Il confronto tra Occidente e Oriente ha mostrato una tendenza più favorevole per l’Occidente esteso, che registra valori mediamente più elevati e una maggiore stabilità nel tempo. Tale risultato è influenzato in modo significativo dalla presenza dei Paesi nordici e di alcune economie avanzate dell’area pacifica, come Australia e Nuova Zelanda. Danimarca, Norvegia, Finlandia, Svezia e Islanda si collocano stabilmente tra i Paesi con i livelli più alti di fiducia, con valori superiori al 60% e, in alcuni casi, oltre il 70%. Anche la Nuova Zelanda e l’Australia presentano valori elevati rispetto alla media globale. Il Giappone, incluso nell’Occidente secondo il criterio adottato, si colloca invece in una fascia medio-alta, con un valore recente pari al 33,7%.

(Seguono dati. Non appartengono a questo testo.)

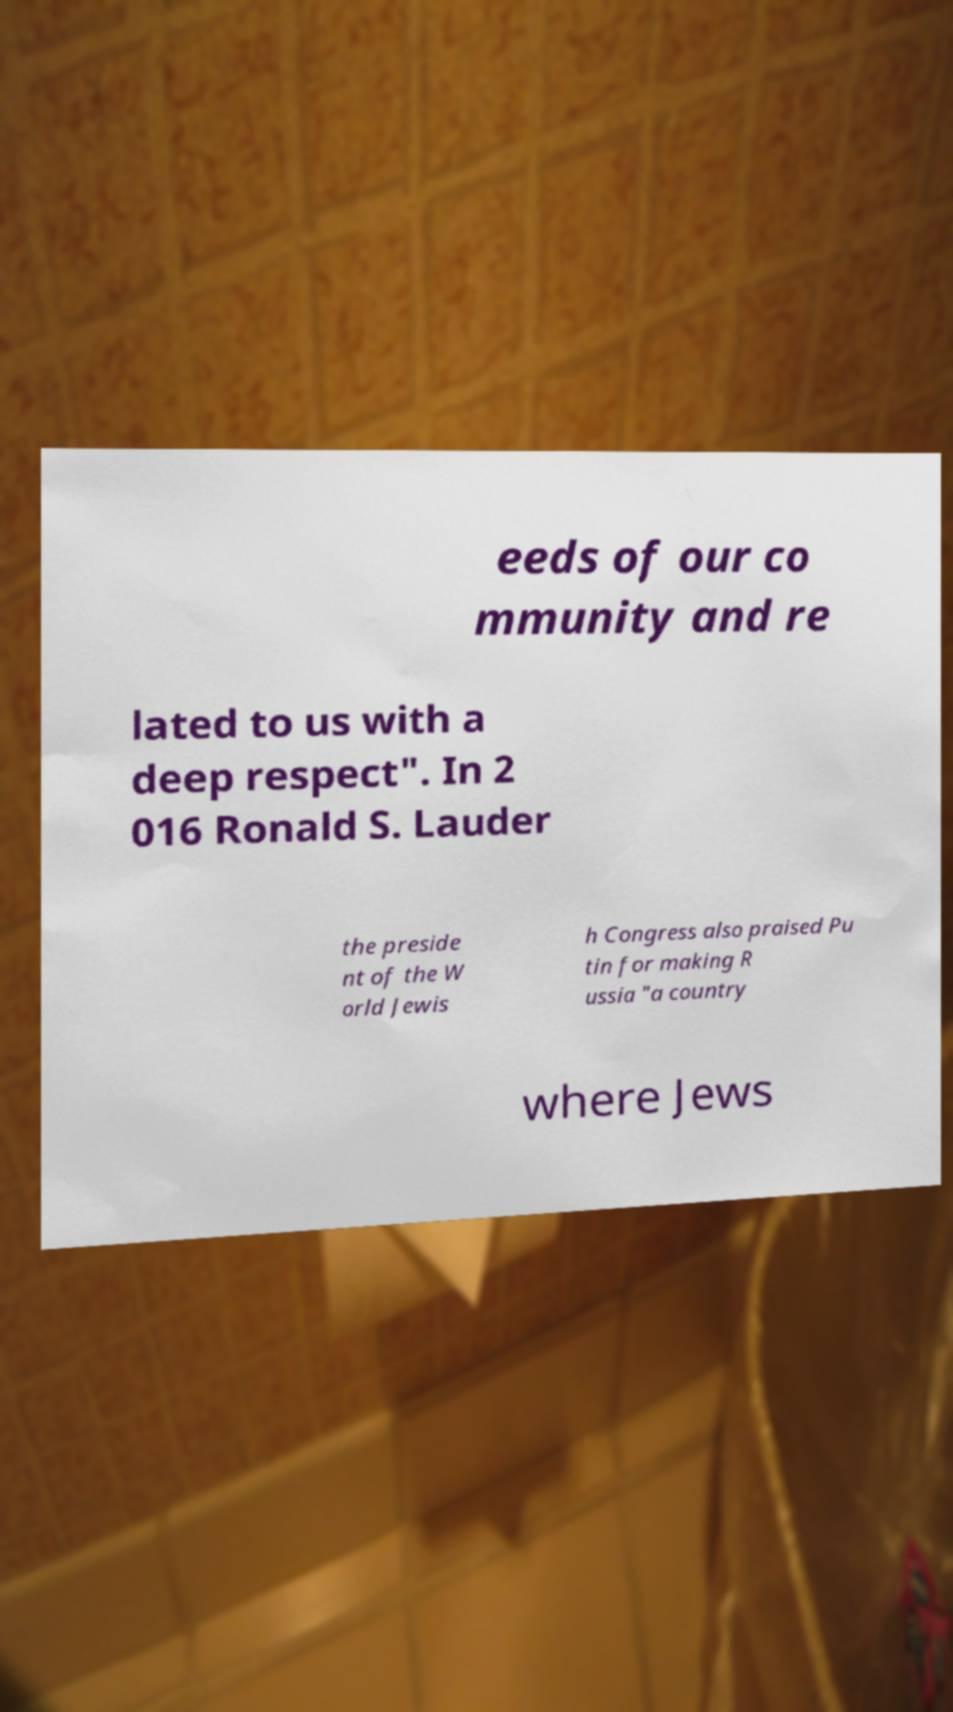Could you extract and type out the text from this image? eeds of our co mmunity and re lated to us with a deep respect". In 2 016 Ronald S. Lauder the preside nt of the W orld Jewis h Congress also praised Pu tin for making R ussia "a country where Jews 
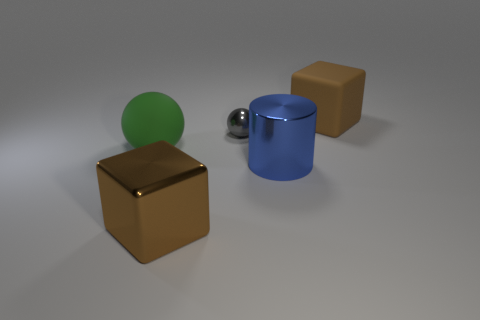Subtract all gray spheres. How many spheres are left? 1 Subtract all cylinders. How many objects are left? 4 Add 2 tiny cyan rubber objects. How many objects exist? 7 Subtract 1 balls. How many balls are left? 1 Subtract all red blocks. How many yellow balls are left? 0 Add 3 large brown cubes. How many large brown cubes exist? 5 Subtract 0 brown cylinders. How many objects are left? 5 Subtract all yellow blocks. Subtract all brown cylinders. How many blocks are left? 2 Subtract all green matte spheres. Subtract all large balls. How many objects are left? 3 Add 3 big green rubber things. How many big green rubber things are left? 4 
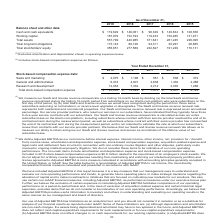From Alarmcom Holdings's financial document, What years does the table provide data for sales and marketing? The document contains multiple relevant values: 2019, 2018, 2017, 2016, 2015. From the document: "As of December 31, 2019 2018 2017 2016 2015 Balance sheet and other data: Cash and cash equivalents $ 119,629 $ 146,061 $ 96,329 As of December 31, 20..." Also, What was the amount of sales and marketing in 2018? According to the financial document, $1,196 (in thousands). The relevant text states: "ation expense data: Sales and marketing $ 2,075 $ 1,196 $ 561 $ 536 $ 372 General and administrative 6,474 4,901 2,638 1,430 2,486 Research and development..." Also, What was the amount of research and development in 2018? According to the financial document, 7,332 (in thousands). The relevant text states: "2,638 1,430 2,486 Research and development 12,054 7,332 4,214 2,035 1,266 Total stock-based compensation expense $ 20,603 $ 13,429 $ 7,413 $ 4,001 $ 4,124..." Also, How many years did the amount of general and administrative exceed $5,000 thousand? Based on the analysis, there are 1 instances. The counting process: 2019. Also, can you calculate: What was the change in the amount of research and development between 2018 and 2019? Based on the calculation: 12,054-7,332, the result is 4722 (in thousands). This is based on the information: "2,638 1,430 2,486 Research and development 12,054 7,332 4,214 2,035 1,266 Total stock-based compensation expense $ 20,603 $ 13,429 $ 7,413 $ 4,001 $ 4,124 4,901 2,638 1,430 2,486 Research and developm..." The key data points involved are: 12,054, 7,332. Also, can you calculate: What was the percentage change in the Total stock-based compensation expense between 2018 and 2019? To answer this question, I need to perform calculations using the financial data. The calculation is: (20,603-13,429)/13,429, which equals 53.42 (percentage). This is based on the information: "Total stock-based compensation expense $ 20,603 $ 13,429 $ 7,413 $ 4,001 $ 4,124 35 1,266 Total stock-based compensation expense $ 20,603 $ 13,429 $ 7,413 $ 4,001 $ 4,124..." The key data points involved are: 13,429, 20,603. 
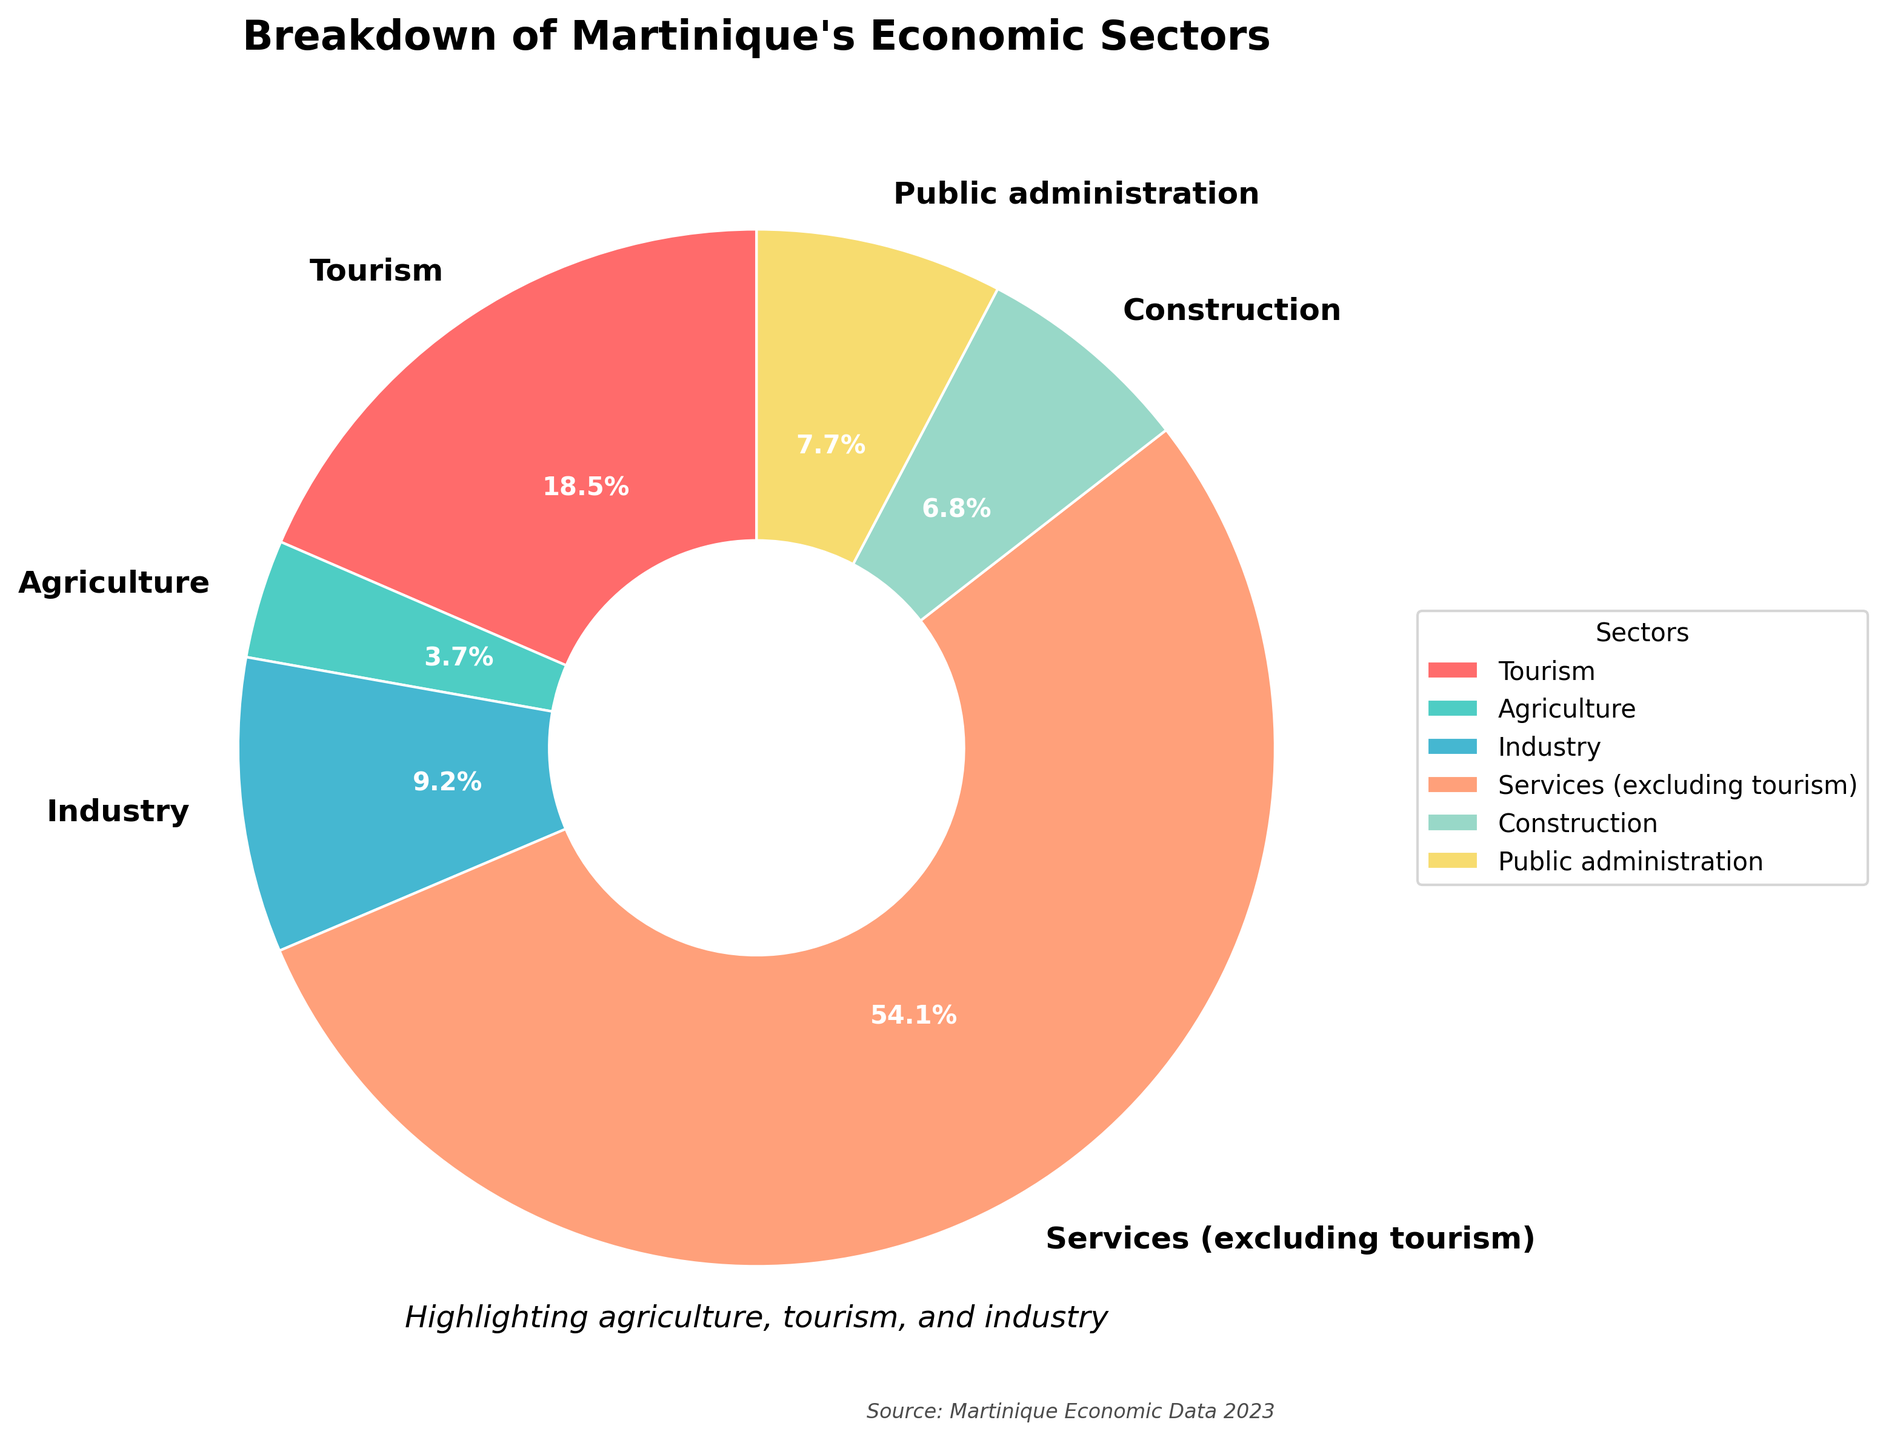What percentage of Martinique's economy is attributed to the Industry sector? Look for the sector labeled 'Industry' and refer to its corresponding percentage in the pie chart
Answer: 9.2% What is the combined percentage of the Agriculture and Tourism sectors? Identify the percentages for the Agriculture (3.7%) and Tourism (18.5%) sectors from the pie chart, then add these percentages: 3.7 + 18.5 = 22.2%
Answer: 22.2% Which sector, Agriculture or Public Administration, has a higher percentage? Compare the slices labeled 'Agriculture' and 'Public Administration' from the pie chart. Agriculture is 3.7%, and Public Administration is 7.7%, so Public Administration is higher
Answer: Public Administration How much larger is the percentage of the Services (excluding tourism) sector compared to the Construction sector? Identify the percentages for Services (excluding tourism) (54.1%) and Construction (6.8%) from the pie chart, then subtract the smaller from the larger: 54.1 - 6.8 = 47.3%
Answer: 47.3% Which sector has the smallest percentage, and what is it? Refer to the pie chart and identify the sector with the smallest slice, which is 'Agriculture' with 3.7%
Answer: Agriculture, 3.7% Is the percentage of the Tourism sector more than double the percentage of the Industry sector? Check the pie chart for the percentages of Tourism (18.5%) and Industry (9.2%), then determine if 18.5% is more than twice 9.2%. 9.2% × 2 = 18.4%, and since 18.5% is slightly more than 18.4%, the answer is yes
Answer: Yes What is the difference in percentage between the construction sector and agriculture sector? Look at the percentages for Construction (6.8%) and Agriculture (3.7%) in the pie chart. Subtract the smaller from the larger: 6.8 - 3.7 = 3.1%
Answer: 3.1% If you combined Industry and Public Administration, would their total percentage be greater than that of Services (excluding tourism)? Identify the percentages for Industry (9.2%) and Public Administration (7.7%) from the pie chart and sum them: 9.2 + 7.7 = 16.9%. Compare this with Services (excluding tourism) at 54.1%; 16.9% is less than 54.1%
Answer: No What is the visual cue used to distinguish the different sectors in the pie chart? Observe the pie chart to identify what distinguishes each sector visually. Colors are used to differentiate between sectors
Answer: Colors How many sectors have a percentage that is below 10%? From the pie chart, identify the sectors with a percentage less than 10%: Agriculture (3.7%), Industry (9.2%), and Construction (6.8%). There are 3 such sectors
Answer: 3

L’Oriente presenta invece una configurazione più polarizzata. Da un lato, include Paesi con livelli di fiducia molto elevati, come la Cina, che nel 2022 raggiunge il 63,5%, e altri casi significativi come Macao, Singapore e Corea del Sud. Dall’altro lato, comprende numerosi Paesi caratterizzati da livelli estremamente bassi di fiducia, come Indonesia, Filippine, Iraq, Libano ed Egitto. Questa forte eterogeneità interna impedisce di interpretare l’Oriente come un blocco omogeneo. Piuttosto, i dati indicano una maggiore frammentazione, nella quale coesistono società ad alta coesione e contesti segnati da una fiducia sociale molto fragile.

Il confronto tra Nord globale e Sud globale rafforza ulteriormente questa lettura. Il Nord globale registra livelli mediamente più elevati di fiducia interpersonale e una traiettoria complessivamente più stabile. Il Sud globale, al contrario, presenta valori medi inferiori e una maggiore incidenza di Paesi con livelli di fiducia molto bassi. Tuttavia, anche questa distinzione non deve essere interpretata in modo deterministico. Alcuni Paesi del Sud globale, come Cina, Arabia Saudita, Uzbekistan e Rwanda, mostrano valori o dinamiche positive, mentre alcuni Paesi appartenenti al Nord globale, soprattutto nell’Europa sud-orientale, presentano livelli contenuti.

In conclusione, la principale evidenza emersa dall’analisi non riguarda una semplice contrapposizione tra aree “fiduciose” e aree “sfiduciate”, ma la diversa struttura della fiducia nei vari contesti globali. Alcune società mostrano livelli elevati e relativamente stabili di fiducia interpersonale, mentre altre evidenziano una maggiore vulnerabilità e processi di deterioramento. La fiducia appare quindi una variabile dinamica, sensibile ai cambiamenti politici, economici e istituzionali. Essa costituisce un indicatore fondamentale per comprendere la qualità della convivenza sociale, la capacità di cooperazione e il grado di coesione delle società contemporanee. Per questo motivo, lo studio della fiducia interpersonale risulta particolarmente rilevante non solo sul piano descrittivo, ma anche per l’interpretazione dei processi di sviluppo, stabilità e trasformazione sociale.